> [Aim of the task] Without including any pictures, return the records below exactly as written.

> [Task data]

##########

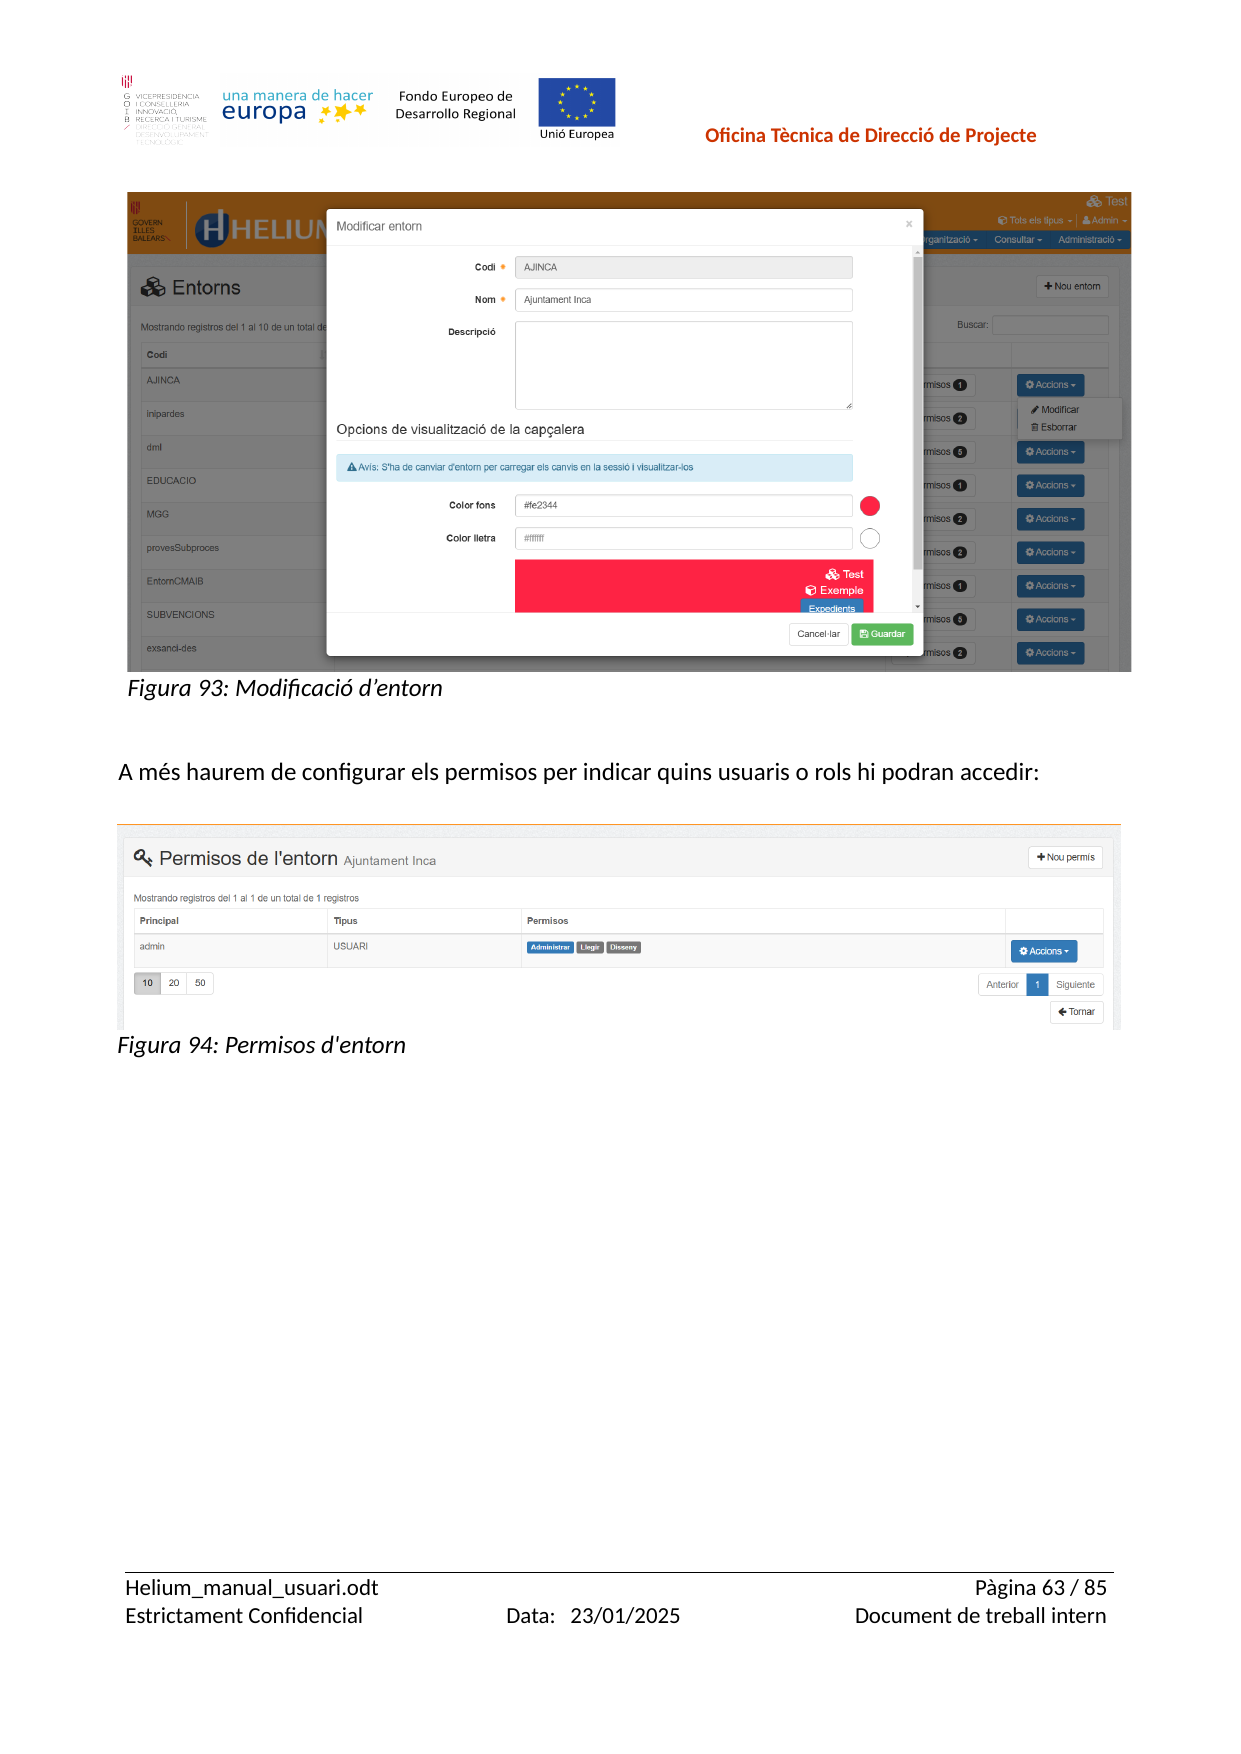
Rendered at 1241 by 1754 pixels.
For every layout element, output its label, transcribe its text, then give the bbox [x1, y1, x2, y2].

text Figura 93: Modificació d’entorn [127, 672, 1131, 702]
picture [117, 824, 1121, 1030]
picture [219, 73, 621, 147]
text Figura 94: Permisos d'entorn [117, 1030, 1121, 1060]
text A més haurem de configurar els permisos per indicar quins usuaris o rols hi podran accedir: [118, 757, 1122, 787]
picture [127, 192, 1132, 672]
picture [118, 73, 213, 147]

##########

> [Completed task]
Rendered at 1241 by 1754 pixels.
For every layout element, output its label, transcribe its text, then give the bbox [x1, y1, x2, y2].

text Figura 93: Modificació d’entorn [127, 672, 1131, 702]
picture [117, 824, 1121, 1030]
picture [219, 73, 621, 147]
text Figura 94: Permisos d'entorn [117, 1030, 1121, 1060]
text A més haurem de configurar els permisos per indicar quins usuaris o rols hi podran accedir: [118, 757, 1122, 787]
picture [127, 192, 1132, 672]
picture [118, 73, 213, 147]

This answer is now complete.